# tein pillow ball mounts



## onecloudyday (Oct 6, 2002)

Anyone seen these yet or used them? just wondering what there like and what there about, they look like good quality but not sure.


----------



## onecloudyday (Oct 6, 2002)

sorry to post link (kick myself inthe ass) here it is:
http://www.performancenissanparts.com/catalog/product_info.php?products_id=2002


----------



## onyxeros (Jul 26, 2002)

onecloudyday said:


> Anyone seen these yet or used them? just wondering what there like and what there about, they look like good quality but not sure.


If you have tein coilovers I would spend the extra money for the extra travel to get the GC camber plates.

O


----------



## onecloudyday (Oct 6, 2002)

i was just thinking of the front ones , it looks like a diffrent design and i know tein is a good quality spring.


----------



## PatScottAKA99XE (Apr 30, 2002)

onyxeros said:


> If you have tein coilovers I would spend the extra money for the extra travel to get the GC camber plates.
> 
> O



Not sure if the GC plates would work right with the Tein coilovers. The spring i.d. is different between the two.


----------



## onyxeros (Jul 26, 2002)

PatScottAKA99XE said:


> Not sure if the GC plates would work right with the Tein coilovers. The spring i.d. is different between the two.

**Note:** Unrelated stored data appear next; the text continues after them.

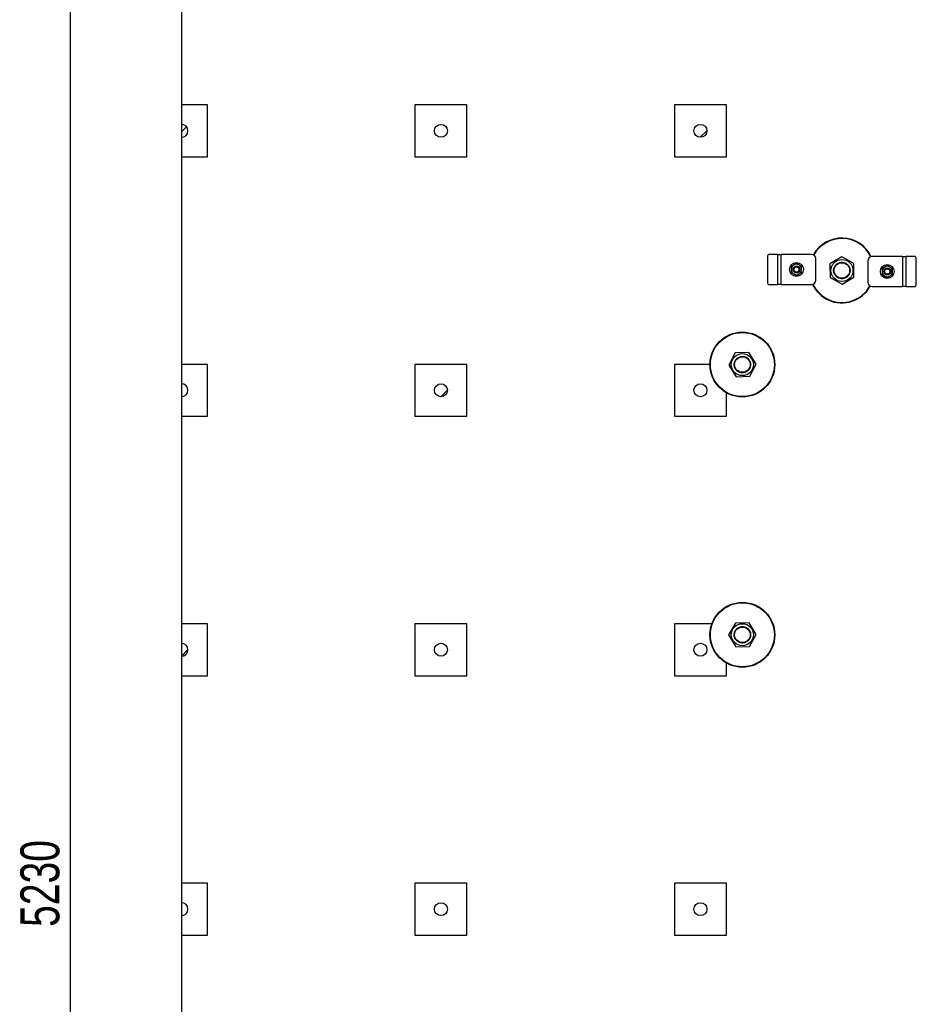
# Model space of a CAD drawing. Header units: millimetres. Extents: x 0 to 841, y 0 to 594.
# Tile 20 of 190: x 303 to 372, y 150 to 226. Entities that reach past the tile are written whole.
import ezdxf

# ---------------------------------------------------------------- set-up
doc = ezdxf.new("R2010")
doc.units = ezdxf.units.MM
doc.layers.add('COTES', color=1, linetype='Continuous')
doc.layers.add('TRAIT-FINS', color=9, linetype='Continuous')
doc.layers.add('TRAIT-FORT', color=4, linetype='Continuous', lineweight=25)
doc.styles.add('SLDTEXTSTYLE0', font='TXT', dxfattribs={"width": 0.75})
doc.dimstyles.new('SLDDIMSTYLE0', dxfattribs={"dimtxt": 3, "dimasz": 2, "dimexe": 0, "dimexo": 0.0625, "dimgap": 0.75, "dimtad": 1, "dimdec": 0, "dimlfac": 30, "dimrnd": 1e-09, "dimzin": 12, "dimdsep": 46, "dimtxsty": 'SLDTEXTSTYLE0', "dimsah": 1, "dimcen": 0.09, "dimadec": 0, "dimazin": 3, "dimtfac": 1, "dimtdec": 0, "dimtofl": 0, "dimtmove": 0, "dimatfit": 3, "dimfxl": 1, "dimfrac": 2, "dimtolj": 1, "dimtzin": 12, "dimarcsym": 0})

# ---------------------------------------------------------------- blocks, each defined once
blk = doc.blocks.new('_D_44')
at = {"layer": 'COTES', "color": 1, "transparency": 16777216}
for p, q in [((358.074, 247.368), (306.296, 247.368)), ((307.296, 73.034), (307.296, 247.368)), ((341.408, 73.034), (306.296, 73.034))]:
    blk.add_line(p, q, dxfattribs=at)
for points in [[(307.296, 247.368), (306.796, 245.368), (307.796, 245.368)], [(307.296, 73.034), (307.796, 75.034), (306.796, 75.034)]]:
    blk.add_solid(points, dxfattribs=at)
at = {"layer": 'COTES', "color": 1, "transparency": 16777216, "insert": (303.429, 155.768), "char_height": 3, "attachment_point": 1, "rotation": 90, "style": 'SLDTEXTSTYLE0'}
blk.add_mtext('5230', dxfattribs=at)

msp = doc.modelspace()

# ---------------------------------------------------------------- hatches: boundary and pattern name
at = {"layer": 'TRAIT-FINS'}
h = msp.add_hatch(dxfattribs=at)
h.set_pattern_fill('ANSI31', color=9, style=0)
edge = h.paths.add_edge_path(flags=0)
edge.add_arc((315.841, 217.134), 0.5, 270, 450)
edge.add_line((315.841, 217.634), (315.841, 216.634))
h = msp.add_hatch(dxfattribs=at)
h.set_pattern_fill('ANSI31', color=9, style=0)
edge = h.paths.add_edge_path(flags=0)
edge.add_arc((335.841, 217.134), 0.5, 0, 360)
h = msp.add_hatch(dxfattribs=at)
h.set_pattern_fill('ANSI31', color=9, style=0)
edge = h.paths.add_edge_path(flags=0)
edge.add_arc((355.841, 217.134), 0.5, 0, 360)
h = msp.add_hatch(dxfattribs=at)
h.set_pattern_fill('ANSI32', color=9, style=0)
edge = h.paths.add_edge_path(flags=0)
edge.add_arc((366.741, 206.368), 0.6, 0, 360)
h = msp.add_hatch(dxfattribs=at)
h.set_pattern_fill('ANSI32', color=9, style=0)
edge = h.paths.add_edge_path(flags=0)
edge.add_arc((359.074, 199.118), 0.6, 0, 360)
h = msp.add_hatch(dxfattribs=at)
h.set_pattern_fill('ANSI31', color=9, style=0)
edge = h.paths.add_edge_path(flags=0)
edge.add_arc((315.841, 197.134), 0.5, 270, 450)
edge.add_line((315.841, 197.634), (315.841, 196.634))
h = msp.add_hatch(dxfattribs=at)
h.set_pattern_fill('ANSI31', color=9, style=0)
edge = h.paths.add_edge_path(flags=0)
edge.add_arc((335.841, 197.134), 0.5, 0, 360)
h = msp.add_hatch(dxfattribs=at)
h.set_pattern_fill('ANSI31', color=9, style=0)
edge = h.paths.add_edge_path(flags=0)
edge.add_arc((355.841, 197.134), 0.5, 0, 360)
h = msp.add_hatch(dxfattribs=at)
h.set_pattern_fill('ANSI32', color=9, style=0)
edge = h.paths.add_edge_path(flags=0)
edge.add_arc((359.074, 178.284), 0.6, 0, 360)
h = msp.add_hatch(dxfattribs=at)
h.set_pattern_fill('ANSI31', color=9, style=0)
edge = h.paths.add_edge_path(flags=0)
edge.add_arc((315.841, 177.134), 0.5, 270, 450)
edge.add_line((315.841, 177.634), (315.841, 176.634))
h = msp.add_hatch(dxfattribs=at)
h.set_pattern_fill('ANSI31', color=9, style=0)
edge = h.paths.add_edge_path(flags=0)
edge.add_arc((335.841, 177.134), 0.5, 0, 360)
h = msp.add_hatch(dxfattribs=at)
h.set_pattern_fill('ANSI31', color=9, style=0)
edge = h.paths.add_edge_path(flags=0)
edge.add_arc((355.841, 177.134), 0.5, 0, 360)
h = msp.add_hatch(dxfattribs=at)
h.set_pattern_fill('ANSI31', color=9, style=0)
edge = h.paths.add_edge_path(flags=0)
edge.add_arc((315.841, 157.134), 0.5, 270, 450)
edge.add_line((315.841, 157.634), (315.841, 156.634))
h = msp.add_hatch(dxfattribs=at)
h.set_pattern_fill('ANSI31', color=9, style=0)
edge = h.paths.add_edge_path(flags=0)
edge.add_arc((335.841, 157.134), 0.5, 0, 360)
h = msp.add_hatch(dxfattribs=at)
h.set_pattern_fill('ANSI31', color=9, style=0)
edge = h.paths.add_edge_path(flags=0)
edge.add_arc((355.841, 157.134), 0.5, 0, 360)

# ---------------------------------------------------------------- linework, layer by layer
at = {"layer": 'TRAIT-FORT', "color": 4, "linetype": 'Continuous', "lineweight": 25}
for p, q in [((315.841, 235.134), (315.841, 219.134)), ((317.841, 219.134), (315.841, 219.134)), ((315.841, 219.134), (315.841, 217.634)), ((317.841, 215.134), (317.841, 219.134)), ((337.841, 219.134), (333.841, 219.134)), ((333.841, 219.134), (333.841, 215.134)), ((337.841, 215.134), (337.841, 219.134)), ((353.841, 219.134), (353.841, 215.134)), ((357.841, 219.134), (353.841, 219.134)), ((357.841, 215.134), (357.841, 219.134)), ((315.841, 217.634), (315.841, 216.634)), ((315.841, 216.634), (315.841, 215.134)), ((315.841, 215.134), (317.841, 215.134)), ((315.841, 215.134), (315.841, 199.134)), ((333.841, 215.134), (337.841, 215.134)), ((353.841, 215.134), (357.841, 215.134)), ((361.004, 207.446), (361.004, 205.446)), ((361.808, 207.613), (361.149, 207.613)), ((361.808, 205.28), (361.808, 207.613)), ((361.808, 207.613), (362.075, 207.613)), ((364.408, 207.613), (362.075, 207.613)), ((362.075, 205.28), (362.075, 207.613)), ((364.742, 205.613), (364.742, 207.28)), ((366.728, 207.426), (365.818, 206.886)), ((367.651, 206.908), (366.728, 207.426)), ((371.407, 207.456), (369.073, 207.456)), ((371.407, 207.456), (371.407, 205.122)), ((371.407, 207.456), (371.673, 207.456)), ((371.673, 207.456), (371.673, 205.122)), ((372.333, 207.456), (371.673, 207.456)), ((372.477, 205.289), (372.477, 207.289)), ((365.818, 206.886), (365.831, 205.827)), ((367.664, 205.849), (367.651, 206.908)), ((368.74, 207.122), (368.74, 205.456)), ((365.831, 205.827), (366.754, 205.309)), ((366.754, 205.309), (367.664, 205.849)), ((361.149, 205.28), (361.808, 205.28)), ((362.075, 205.28), (361.808, 205.28)), ((362.075, 205.28), (364.408, 205.28)), ((369.073, 205.122), (371.407, 205.122)), ((371.673, 205.122), (371.407, 205.122)), ((371.673, 205.122), (372.333, 205.122)), ((358.508, 200.012), (358.017, 199.075)), ((359.566, 200.055), (358.508, 200.012)), ((360.132, 199.16), (359.566, 200.055)), ((317.841, 199.134), (315.841, 199.134)), ((315.841, 199.134), (315.841, 197.634)), ((317.841, 195.134), (317.841, 199.134)), ((333.841, 199.134), (333.841, 195.134)), ((337.841, 199.134), (333.841, 199.134)), ((337.841, 195.134), (337.841, 199.134)), ((353.841, 199.134), (353.841, 195.134)), ((356.574, 199.134), (353.841, 199.134)), ((358.017, 199.075), (358.582, 198.18)), ((359.64, 198.223), (360.132, 199.16)), ((358.582, 198.18), (359.64, 198.223)), ((315.841, 197.634), (315.841, 196.634)), ((315.841, 196.634), (315.841, 195.134)), ((357.841, 195.134), (357.841, 196.943)), ((315.841, 195.134), (317.841, 195.134)), ((315.841, 195.134), (315.841, 179.134)), ((333.841, 195.134), (337.841, 195.134)), ((353.841, 195.134), (357.841, 195.134)), ((317.841, 179.134), (315.841, 179.134)), ((315.841, 179.134), (315.841, 177.634)), ((317.841, 175.134), (317.841, 179.134)), ((337.841, 179.134), (333.841, 179.134)), ((333.841, 179.134), (333.841, 175.134)), ((337.841, 175.134), (337.841, 179.134)), ((353.841, 179.134), (353.841, 175.134)), ((356.723, 179.134), (353.841, 179.134)), ((358.534, 179.194), (358.016, 178.271)), ((359.592, 179.207), (358.534, 179.194)), ((360.133, 178.297), (359.592, 179.207)), ((315.841, 177.634), (315.841, 176.634)), ((358.016, 178.271), (358.556, 177.361)), ((359.614, 177.374), (360.133, 178.297)), ((358.556, 177.361), (359.614, 177.374)), ((315.841, 176.634), (315.841, 175.134)), ((357.841, 175.134), (357.841, 176.11)), ((315.841, 175.134), (317.841, 175.134)), ((315.841, 175.134), (315.841, 159.134)), ((333.841, 175.134), (337.841, 175.134)), ((353.841, 175.134), (357.841, 175.134)), ((317.841, 159.134), (315.841, 159.134)), ((315.841, 159.134), (315.841, 157.634)), ((317.841, 155.134), (317.841, 159.134)), ((337.841, 159.134), (333.841, 159.134)), ((333.841, 159.134), (333.841, 155.134)), ((337.841, 155.134), (337.841, 159.134)), ((357.841, 159.134), (353.841, 159.134)), ((353.841, 159.134), (353.841, 155.134)), ((357.841, 155.134), (357.841, 159.134)), ((315.841, 157.634), (315.841, 156.634)), ((315.841, 156.634), (315.841, 155.134)), ((315.841, 155.134), (317.841, 155.134)), ((315.841, 155.134), (315.841, 139.134)), ((333.841, 155.134), (337.841, 155.134)), ((353.841, 155.134), (357.841, 155.134))]:
    msp.add_line(p, q, dxfattribs=at)
for centre, radius in [((335.841, 217.134), 0.5), ((355.841, 217.134), 0.5), ((366.741, 206.368), 0.852), ((363.242, 206.446), 0.533), ((363.242, 206.446), 0.267), ((363.242, 206.446), 0.203), ((366.741, 206.368), 0.6), ((370.24, 206.289), 0.533), ((370.24, 206.289), 0.267), ((370.24, 206.289), 0.203), ((359.074, 199.118), 2.5), ((359.074, 199.118), 2.467), ((359.074, 199.118), 0.852), ((359.074, 199.118), 0.6), ((335.841, 197.134), 0.5), ((355.841, 197.134), 0.5), ((359.074, 178.284), 2.5), ((359.074, 178.284), 2.467), ((359.074, 178.284), 0.852), ((359.074, 178.284), 0.6), ((335.841, 177.134), 0.5), ((355.841, 177.134), 0.5), ((335.841, 157.134), 0.5), ((355.841, 157.134), 0.5)]:
    msp.add_circle(centre, radius, dxfattribs=at)
for centre, radius, start, end in [((315.841, 217.134), 0.5, 270, 90), ((366.741, 206.368), 2.5, 25.56707, 151.00638), ((366.741, 206.368), 2.467, 25.69337, 151.00373), ((361.161, 207.457), 0.157, 94.40195, 183.81126), ((364.408, 207.28), 0.333, 360, 90), ((369.073, 207.122), 0.333, 90, 180), ((372.321, 207.299), 0.157, 356.18874, 85.59805), ((363.242, 206.446), 0.4, 120, 180), ((363.242, 206.446), 0.4, 60, 120), ((363.242, 206.446), 0.4, 0, 60), ((370.24, 206.289), 0.4, 120, 180), ((370.24, 206.289), 0.4, 60, 120), ((370.24, 206.289), 0.4, 0, 60), ((363.242, 206.446), 0.4, 180, 240), ((363.242, 206.446), 0.4, 240, 300), ((363.242, 206.446), 0.4, 300, 0), ((370.24, 206.289), 0.4, 180, 240), ((370.24, 206.289), 0.4, 240, 300), ((370.24, 206.289), 0.4, 300, 0), ((361.161, 205.436), 0.157, 176.18874, 265.59805), ((364.408, 205.613), 0.333, 270, 360), ((366.741, 206.368), 2.5, 205.56707, 245.32581), ((366.741, 206.368), 2.467, 205.69337, 245.32581), ((366.741, 206.368), 2.5, 245.32581, 331.00638), ((366.741, 206.368), 2.467, 245.32581, 331.00373), ((369.073, 205.456), 0.333, 180, 270), ((372.321, 205.278), 0.157, 274.40195, 3.81126), ((315.841, 197.134), 0.5, 270, 90), ((315.841, 177.134), 0.5, 270, 90), ((315.841, 157.134), 0.5, 270, 90)]:
    msp.add_arc(centre, radius, start, end, dxfattribs=at)
for points, knots in [([(363.042, 206.793), (363.008, 206.773), (362.941, 206.735), (362.875, 206.696), (362.842, 206.677)], [0, 0, 0, 0, 0.497844, 1, 1, 1, 1]), ([(362.842, 206.677), (362.842, 206.639), (362.842, 206.563), (362.842, 206.485), (362.842, 206.446)], [0, 0, 0, 0, 0.4981655, 1, 1, 1, 1]), ([(363.242, 206.908), (363.209, 206.889), (363.143, 206.851), (363.075, 206.812), (363.042, 206.793)], [0, 0, 0, 0, 0.498165, 1, 1, 1, 1]), ([(363.442, 206.793), (363.408, 206.812), (363.341, 206.851), (363.275, 206.889), (363.242, 206.908)], [0, 0, 0, 0, 0.4978438, 1, 1, 1, 1]), ([(363.642, 206.677), (363.609, 206.696), (363.543, 206.734), (363.475, 206.773), (363.442, 206.793)], [0, 0, 0, 0, 0.498165, 1, 1, 1, 1]), ([(363.642, 206.446), (363.642, 206.485), (363.642, 206.562), (363.642, 206.639), (363.642, 206.677)], [0, 0, 0, 0, 0.497844, 1, 1, 1, 1]), ([(366.196, 206.044), (366.178, 206.079), (366.141, 206.149), (366.111, 206.269), (366.104, 206.396), (366.123, 206.525), (366.161, 206.628), (366.202, 206.703), (366.25, 206.772), (366.319, 206.846), (366.385, 206.891), (366.418, 206.912)], [0, 0, 0, 0, 0.1164968, 0.2399717, 0.3685799, 0.4999174, 0.6312549, 0.6956328, 0.7600283, 0.8835032, 1, 1, 1, 1]), ([(366.418, 206.912), (366.452, 206.93), (366.522, 206.967), (366.642, 206.997), (366.769, 207.005), (366.898, 206.986), (367.001, 206.948), (367.076, 206.906), (367.145, 206.858), (367.219, 206.789), (367.289, 206.693), (367.34, 206.585), (367.371, 206.467), (367.378, 206.339), (367.359, 206.21), (367.321, 206.108), (367.279, 206.032), (367.232, 205.964), (367.163, 205.889), (367.096, 205.844), (367.064, 205.823)], [0, 0, 0, 0, 0.058248, 0.119986, 0.18429, 0.249959, 0.315627, 0.347816, 0.380014, 0.441752, 0.5, 0.558248, 0.619986, 0.68429, 0.749959, 0.815627, 0.847816, 0.880014, 0.941752, 1, 1, 1, 1]), ([(370.04, 206.635), (370.007, 206.616), (369.939, 206.577), (369.873, 206.539), (369.84, 206.52)], [0, 0, 0, 0, 0.497844, 1, 1, 1, 1]), ([(369.84, 206.52), (369.84, 206.482), (369.84, 206.405), (369.84, 206.328), (369.84, 206.289)], [0, 0, 0, 0, 0.4981655, 1, 1, 1, 1]), ([(370.24, 206.751), (370.207, 206.732), (370.141, 206.693), (370.074, 206.655), (370.04, 206.635)], [0, 0, 0, 0, 0.498165, 1, 1, 1, 1]), ([(370.44, 206.635), (370.407, 206.655), (370.339, 206.693), (370.273, 206.732), (370.24, 206.751)], [0, 0, 0, 0, 0.497844, 1, 1, 1, 1]), ([(370.64, 206.52), (370.607, 206.539), (370.541, 206.577), (370.474, 206.616), (370.44, 206.635)], [0, 0, 0, 0, 0.498165, 1, 1, 1, 1]), ([(370.64, 206.289), (370.64, 206.327), (370.64, 206.405), (370.64, 206.481), (370.64, 206.52)], [0, 0, 0, 0, 0.497844, 1, 1, 1, 1]), ([(362.842, 206.446), (362.842, 206.408), (362.842, 206.33), (362.842, 206.254), (362.842, 206.215)], [0, 0, 0, 0, 0.497844, 1, 1, 1, 1]), ([(362.842, 206.215), (362.875, 206.196), (362.941, 206.158), (363.008, 206.119), (363.042, 206.1)], [0, 0, 0, 0, 0.498165, 1, 1, 1, 1]), ([(363.042, 206.1), (363.075, 206.081), (363.142, 206.042), (363.208, 206.004), (363.242, 205.984)], [0, 0, 0, 0, 0.4978437, 1, 1, 1, 1]), ([(363.242, 205.984), (363.275, 206.003), (363.341, 206.042), (363.408, 206.08), (363.442, 206.1)], [0, 0, 0, 0, 0.498165, 1, 1, 1, 1]), ([(363.442, 206.1), (363.475, 206.119), (363.542, 206.158), (363.608, 206.196), (363.642, 206.215)], [0, 0, 0, 0, 0.497844, 1, 1, 1, 1]), ([(363.642, 206.215), (363.642, 206.253), (363.642, 206.33), (363.642, 206.407), (363.642, 206.446)], [0, 0, 0, 0, 0.498165, 1, 1, 1, 1]), ([(367.064, 205.823), (367.03, 205.805), (366.959, 205.768), (366.84, 205.738), (366.712, 205.73), (366.583, 205.749), (366.481, 205.787), (366.405, 205.829), (366.337, 205.877), (366.262, 205.946), (366.218, 206.012), (366.196, 206.044)], [0, 0, 0, 0, 0.116497, 0.239972, 0.36858, 0.499917, 0.631255, 0.695633, 0.760028, 0.883503, 1, 1, 1, 1]), ([(369.84, 206.289), (369.84, 206.25), (369.84, 206.173), (369.84, 206.096), (369.84, 206.058)], [0, 0, 0, 0, 0.497844, 1, 1, 1, 1]), ([(369.84, 206.058), (369.873, 206.039), (369.939, 206.001), (370.006, 205.962), (370.04, 205.942)], [0, 0, 0, 0, 0.498165, 1, 1, 1, 1]), ([(370.04, 205.942), (370.073, 205.923), (370.14, 205.884), (370.207, 205.846), (370.24, 205.827)], [0, 0, 0, 0, 0.4978438, 1, 1, 1, 1]), ([(370.24, 205.827), (370.273, 205.846), (370.339, 205.884), (370.406, 205.923), (370.44, 205.942)], [0, 0, 0, 0, 0.498165, 1, 1, 1, 1]), ([(370.44, 205.942), (370.473, 205.962), (370.54, 206), (370.607, 206.039), (370.64, 206.058)], [0, 0, 0, 0, 0.4978438, 1, 1, 1, 1]), ([(370.64, 206.058), (370.64, 206.096), (370.64, 206.172), (370.64, 206.25), (370.64, 206.289)], [0, 0, 0, 0, 0.498165, 1, 1, 1, 1]), ([(358.513, 199.412), (358.533, 199.445), (358.574, 199.514), (358.66, 199.602), (358.764, 199.675), (358.884, 199.726), (358.991, 199.748), (359.077, 199.752), (359.161, 199.747), (359.26, 199.727), (359.37, 199.682), (359.47, 199.617), (359.558, 199.532), (359.632, 199.427), (359.683, 199.307), (359.705, 199.2), (359.709, 199.114), (359.704, 199.031), (359.684, 198.931), (359.651, 198.858), (359.635, 198.823)], [0, 0, 0, 0, 0.058248, 0.119986, 0.18429, 0.249959, 0.315627, 0.347816, 0.380014, 0.441752, 0.5, 0.558248, 0.619986, 0.68429, 0.749959, 0.815627, 0.847816, 0.880014, 0.941752, 1, 1, 1, 1]), ([(358.78, 198.557), (358.747, 198.576), (358.678, 198.617), (358.59, 198.703), (358.517, 198.808), (358.465, 198.928), (358.444, 199.035), (358.44, 199.121), (358.445, 199.204), (358.464, 199.304), (358.497, 199.377), (358.513, 199.412)], [0, 0, 0, 0, 0.116497, 0.239972, 0.36858, 0.499917, 0.631255, 0.695633, 0.760028, 0.883503, 1, 1, 1, 1]), ([(359.635, 198.823), (359.615, 198.79), (359.575, 198.722), (359.489, 198.633), (359.384, 198.56), (359.264, 198.509), (359.157, 198.487), (359.071, 198.483), (358.987, 198.488), (358.888, 198.507), (358.815, 198.541), (358.78, 198.557)], [0, 0, 0, 0, 0.1164968, 0.2399717, 0.3685799, 0.4999174, 0.6312549, 0.6956328, 0.7600283, 0.8835032, 1, 1, 1, 1]), ([(358.53, 177.961), (358.512, 177.995), (358.475, 178.066), (358.445, 178.185), (358.437, 178.313), (358.456, 178.442), (358.494, 178.544), (358.536, 178.62), (358.583, 178.688), (358.653, 178.762), (358.749, 178.832), (358.856, 178.883), (358.975, 178.914), (359.103, 178.921), (359.232, 178.902), (359.334, 178.865), (359.41, 178.823), (359.478, 178.775), (359.553, 178.706), (359.597, 178.64), (359.619, 178.607)], [0, 0, 0, 0, 0.058248, 0.119986, 0.18429, 0.249959, 0.315627, 0.347816, 0.380014, 0.441752, 0.5, 0.558248, 0.619986, 0.68429, 0.749959, 0.815627, 0.847816, 0.880014, 0.941752, 1, 1, 1, 1]), ([(359.619, 178.607), (359.637, 178.573), (359.674, 178.503), (359.704, 178.383), (359.711, 178.256), (359.692, 178.127), (359.655, 178.024), (359.613, 177.949), (359.565, 177.88), (359.496, 177.805), (359.43, 177.761), (359.397, 177.74)], [0, 0, 0, 0, 0.1164968, 0.2399717, 0.3685799, 0.4999174, 0.6312549, 0.6956328, 0.7600283, 0.8835032, 1, 1, 1, 1]), ([(359.397, 177.74), (359.363, 177.722), (359.293, 177.685), (359.173, 177.655), (359.046, 177.647), (358.917, 177.666), (358.814, 177.704), (358.739, 177.746), (358.67, 177.794), (358.595, 177.862), (358.551, 177.929), (358.53, 177.961)], [0, 0, 0, 0, 0.1164968, 0.2399717, 0.3685799, 0.4999174, 0.6312549, 0.6956328, 0.7600283, 0.8835032, 1, 1, 1, 1])]:
    msp.add_open_spline(points, degree=3, knots=knots, dxfattribs=at)

# ---------------------------------------------------------------- dimensions: what is measured, and where the dimension line sits
at = {"layer": 'COTES', "color": 1}
dim = msp.add_linear_dim(base=(307.296, 247.368), p1=(342.408, 73.034), p2=(359.074, 247.368), angle=90, dimstyle='SLDDIMSTYLE0', dxfattribs=at)
dim.commit()
dim.dimension.update_dxf_attribs({"geometry": '_D_44', "text_midpoint": (307.296, 160.201), "dimtype": 160})

doc.saveas('drawing.dxf')

You can call GC and they will modify the plates to fit at no charge...I asked
O


----------



## PatScottAKA99XE (Apr 30, 2002)

onyxeros said:


> You can call GC and they will modify the plates to fit at no charge...I asked
> O



Good to know. Thanks, I was thinking about getting some GC C/C plates.


----------



## wickedsr20 (Aug 8, 2002)

I've got those upper mounts on my 200.
They're very high quality pieces. I love them. Worth the money in my opinion.


----------



## sethwas (Apr 30, 2002)

If you don't intend on lowering your car (or getting coilovers but using them at their highest setting where the car sits level which is still lower than stock) what upper strut mounts would you need? My guess is the minimal lowering won't necessitate extra bolts and plates.
I also understand that the pillow ball mounts remove the rubber bushing making for a non-compliant ride. is there a compromise? That is non rubber yet non bearing?

Correct me please.

Seth


----------



## onecloudyday (Oct 6, 2002)

kinda wondering the same thing. i have ground controls on now and ill need them to be modified. they really look like nice pieces.


----------



## wickedsr20 (Aug 8, 2002)

sethwas said:


> If you don't intend on lowering your car (or getting coilovers but using them at their highest setting where the car sits level which is still lower than stock) what upper strut mounts would you need? My guess is the minimal lowering won't necessitate extra bolts and plates.
> I also understand that the pillow ball mounts remove the rubber bushing making for a non-compliant ride. is there a compromise? That is non rubber yet non bearing?
> 
> Correct me please.


It all comes down to what's most important on your list of priorities. My previous 200 had the $tillen camber plates on it and from personal experience, I like running camber plates for a couple reasons. One is that it takes not too long at all to change from street to autocross to drag racing settings and my car is better suited for whatever type of driving I'll be doing. Second, by eliminating that upper rubber mount and replacing it with a camber plate, you get much better steering feedback. This does translate into a slightly harsher ride, but the benefits out weigh the negatives to me. The Tein upper mounts provide camber adjustment and also make installation easier also. They do not lower the car at all. The ground control camber plates drop the car another 3/4 inch due to the fact that the upper mounting point of the shock is raised 3/4 inch (thickness of the plate itself), which ends up lowering the front of the car. I love the way my suspension turned out and how it rides on the highway. This is with the Tein SS's with the Tein front and rear upper mounts.


----------



## onecloudyday (Oct 6, 2002)

i was wondering if these will work with ground control coilovers? I have them on now and i really need these to drop this car a little bit farther.


----------



## Ninety-Nine SE-L (May 5, 2002)

I don't like the GC camber kit that much, it's just too bulky and choppy, they jus didn't put too much into it's design. As far as I know, GC coilovers only work with GC mounts and stock mounts, that's it and I don't know why.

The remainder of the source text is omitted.